It is not just Gandalf coming back more powerful than before but also Gandalf being the kind of mentor/father figure that should die and stay that for the other characters to grow - like pretty much every reader of Tolkien George felt the loss of Gandalf pretty heavily during his first reader. It undermines the growth of the other characters that Gandalf came back. This is the reason why the likes of Ned and Aemon and Jeor are *never* going to come back in ASoIaF.

The other point is that Gandalf's resurrection came at basically no cost. Death did not only make him more powerful but was something that doesn't even appear as a big issue for him, personally. It is just a story he tells the gang, and then it is rarely touched upon ever again.

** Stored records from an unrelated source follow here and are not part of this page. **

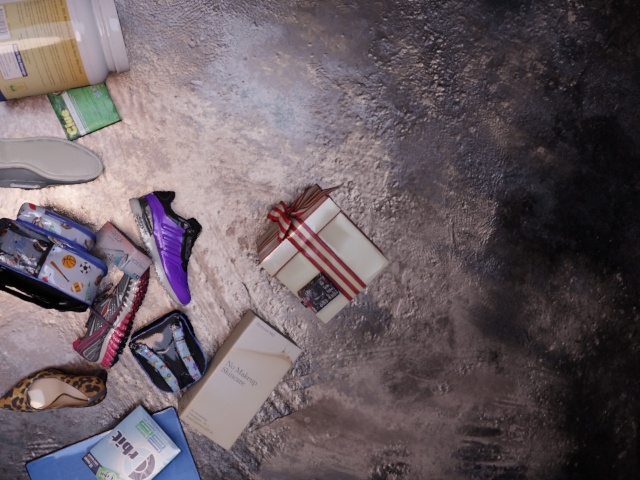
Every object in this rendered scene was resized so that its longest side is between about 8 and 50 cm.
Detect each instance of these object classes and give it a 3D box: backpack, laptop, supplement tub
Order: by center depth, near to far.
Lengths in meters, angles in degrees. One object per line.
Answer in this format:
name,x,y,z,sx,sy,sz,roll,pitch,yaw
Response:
supplement tub,-0.591,-0.437,1.467,0.316,0.228,0.228,-13,97,-12
backpack,-0.617,0.051,1.528,0.263,0.276,0.213,35,72,-17
laptop,-0.461,0.686,1.620,0.381,0.408,0.236,-19,132,-12
backpack,-0.367,0.275,1.665,0.158,0.117,0.173,-32,100,-10

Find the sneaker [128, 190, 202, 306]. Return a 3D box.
sneaker,-0.349,0.012,1.657,0.146,0.102,0.294,-22,99,-12

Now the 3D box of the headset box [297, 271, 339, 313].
headset box,-0.008,0.123,1.556,0.083,0.032,0.062,-41,107,5

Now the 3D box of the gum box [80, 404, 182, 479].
gum box,-0.459,0.524,1.654,0.184,0.041,0.157,-42,77,-17

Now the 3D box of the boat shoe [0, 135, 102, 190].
boat shoe,-0.676,-0.171,1.579,0.319,0.099,0.116,3,58,-20

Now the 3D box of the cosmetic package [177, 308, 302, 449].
cosmetic package,-0.205,0.348,1.715,0.160,0.113,0.309,37,86,-14

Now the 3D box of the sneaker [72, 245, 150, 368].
sneaker,-0.494,0.152,1.624,0.112,0.121,0.299,22,85,-3

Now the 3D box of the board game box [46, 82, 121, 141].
board game box,-0.590,-0.379,1.605,0.136,0.030,0.260,-25,100,-13

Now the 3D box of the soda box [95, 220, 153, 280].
soda box,-0.466,0.022,1.587,0.063,0.183,0.058,-51,134,-6

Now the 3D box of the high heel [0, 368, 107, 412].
high heel,-0.627,0.361,1.570,0.261,0.186,0.093,-13,97,-13

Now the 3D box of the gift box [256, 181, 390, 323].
gift box,0.000,0.000,1.672,0.258,0.255,0.276,44,89,-15
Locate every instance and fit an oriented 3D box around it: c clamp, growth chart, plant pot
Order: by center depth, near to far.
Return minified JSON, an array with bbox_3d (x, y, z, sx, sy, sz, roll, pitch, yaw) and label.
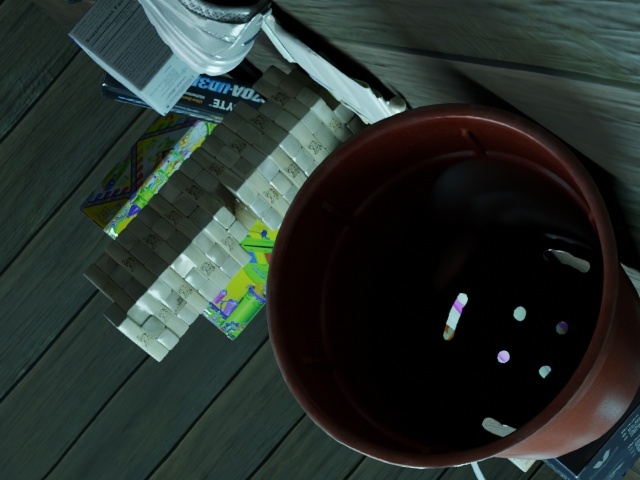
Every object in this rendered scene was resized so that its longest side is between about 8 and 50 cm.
[{"bbox_3d":[0.134,0.059,1.329,0.272,0.272,0.265,38,-176,27],"label":"plant pot"},{"bbox_3d":[0.022,-0.151,1.604,0.237,0.021,0.172,39,176,24],"label":"growth chart"},{"bbox_3d":[-0.128,-0.236,2.093,0.137,0.022,0.160,33,175,6],"label":"c clamp"}]

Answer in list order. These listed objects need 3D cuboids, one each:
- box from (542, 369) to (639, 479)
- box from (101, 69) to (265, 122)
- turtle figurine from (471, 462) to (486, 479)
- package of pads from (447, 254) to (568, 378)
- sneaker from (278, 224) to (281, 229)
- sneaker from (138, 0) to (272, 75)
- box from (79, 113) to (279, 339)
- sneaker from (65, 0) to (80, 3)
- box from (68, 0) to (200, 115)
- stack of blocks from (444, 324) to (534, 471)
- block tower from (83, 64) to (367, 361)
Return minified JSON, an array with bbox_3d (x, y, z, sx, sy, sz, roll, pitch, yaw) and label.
[{"bbox_3d":[0.281,0.164,1.657,0.093,0.156,0.158,40,176,24],"label":"box"},{"bbox_3d":[-0.163,-0.184,2.095,0.220,0.051,0.175,13,179,-8],"label":"box"},{"bbox_3d":[0.218,0.194,2.294,0.266,0.198,0.274,44,173,7],"label":"turtle figurine"},{"bbox_3d":[0.152,0.027,1.770,0.296,0.101,0.229,37,174,47],"label":"package of pads"},{"bbox_3d":[0.000,0.000,2.127,0.290,0.106,0.123,56,159,6],"label":"sneaker"},{"bbox_3d":[-0.146,-0.279,1.465,0.281,0.105,0.115,43,146,-11],"label":"sneaker"},{"bbox_3d":[-0.175,-0.050,2.676,0.290,0.279,0.177,43,175,-24],"label":"box"},{"bbox_3d":[-0.311,-0.371,2.082,0.234,0.084,0.097,75,170,-81],"label":"sneaker"},{"bbox_3d":[-0.198,-0.238,1.940,0.137,0.126,0.072,39,177,27],"label":"box"},{"bbox_3d":[0.174,0.108,1.936,0.297,0.171,0.087,38,175,36],"label":"stack of blocks"},{"bbox_3d":[-0.106,-0.036,1.775,0.097,0.335,0.091,37,174,40],"label":"block tower"}]
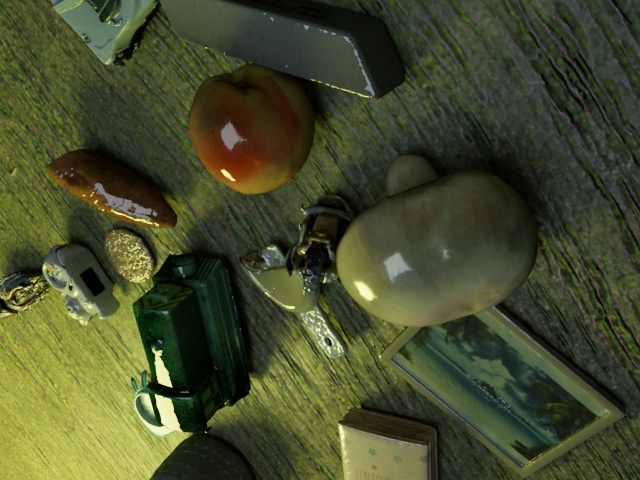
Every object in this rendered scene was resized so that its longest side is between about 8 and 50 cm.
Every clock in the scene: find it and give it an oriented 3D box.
[{"bbox_3d":[-0.496,0.089,1.388,0.117,0.080,0.176,-19,107,35],"label":"clock"},{"bbox_3d":[-0.353,0.348,1.474,0.108,0.045,0.147,-33,97,36],"label":"clock"}]

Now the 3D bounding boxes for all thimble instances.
[{"bbox_3d":[-0.268,0.545,1.459,0.205,0.172,0.236,41,129,6],"label":"thimble"}]

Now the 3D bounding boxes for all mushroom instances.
[{"bbox_3d":[0.147,-0.014,0.912,0.254,0.260,0.234,-43,54,42],"label":"mushroom"}]

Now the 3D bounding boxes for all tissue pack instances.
[{"bbox_3d":[0.131,0.461,1.259,0.170,0.071,0.325,8,119,28],"label":"tissue pack"}]

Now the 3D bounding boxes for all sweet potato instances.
[{"bbox_3d":[-0.361,-0.090,1.213,0.252,0.097,0.097,25,125,9],"label":"sweet potato"}]

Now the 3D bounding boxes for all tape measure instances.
[{"bbox_3d":[-0.323,-0.385,1.022,0.181,0.107,0.182,41,130,-6],"label":"tape measure"}]

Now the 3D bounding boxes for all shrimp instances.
[{"bbox_3d":[-0.642,0.105,1.479,0.233,0.079,0.090,-29,105,31],"label":"shrimp"}]

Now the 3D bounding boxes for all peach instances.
[{"bbox_3d":[-0.096,-0.155,0.979,0.184,0.184,0.184,13,121,22],"label":"peach"}]

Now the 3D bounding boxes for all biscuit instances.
[{"bbox_3d":[-0.369,0.030,1.327,0.120,0.015,0.120,13,122,23],"label":"biscuit"}]

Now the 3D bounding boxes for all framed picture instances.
[{"bbox_3d":[0.273,0.219,1.080,0.315,0.024,0.232,40,129,5],"label":"framed picture"}]

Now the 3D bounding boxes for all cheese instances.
[{"bbox_3d":[-0.032,0.102,1.162,0.127,0.050,0.235,-26,100,35],"label":"cheese"}]

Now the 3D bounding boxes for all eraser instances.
[{"bbox_3d":[-0.056,-0.285,0.927,0.353,0.111,0.077,21,122,17],"label":"eraser"}]

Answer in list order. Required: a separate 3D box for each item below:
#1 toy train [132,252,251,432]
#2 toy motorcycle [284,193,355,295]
[{"bbox_3d":[-0.232,0.190,1.241,0.139,0.178,0.330,6,119,26],"label":"toy train"},{"bbox_3d":[0.001,0.000,1.001,0.094,0.229,0.129,14,99,3],"label":"toy motorcycle"}]
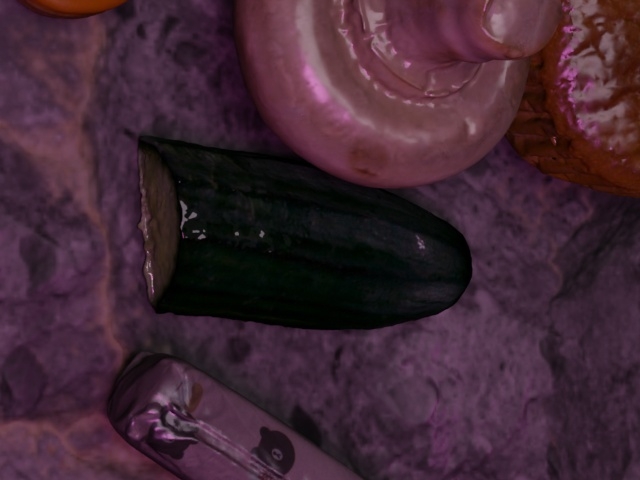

George resurrections so far are hideous experiences, things that do not turn characters into super people but reduce their humanity and turn them, to a point, into caricatures of the people they have been while alive.

 

Outside of Gandalf not being human and Eru (God) invoking divine intervention, when Tolkien's beings play with immortality it isn't a pretty picture. Beren doesn't come back completely whole, and beings who live beyond their natural lifespan degenerate into wraiths like the Nazgul. There's also the barrow-wights, evil spirits that inhabit dead bodies (slightly different from George's wights which are closer to straight-up zombies (key word is closer)).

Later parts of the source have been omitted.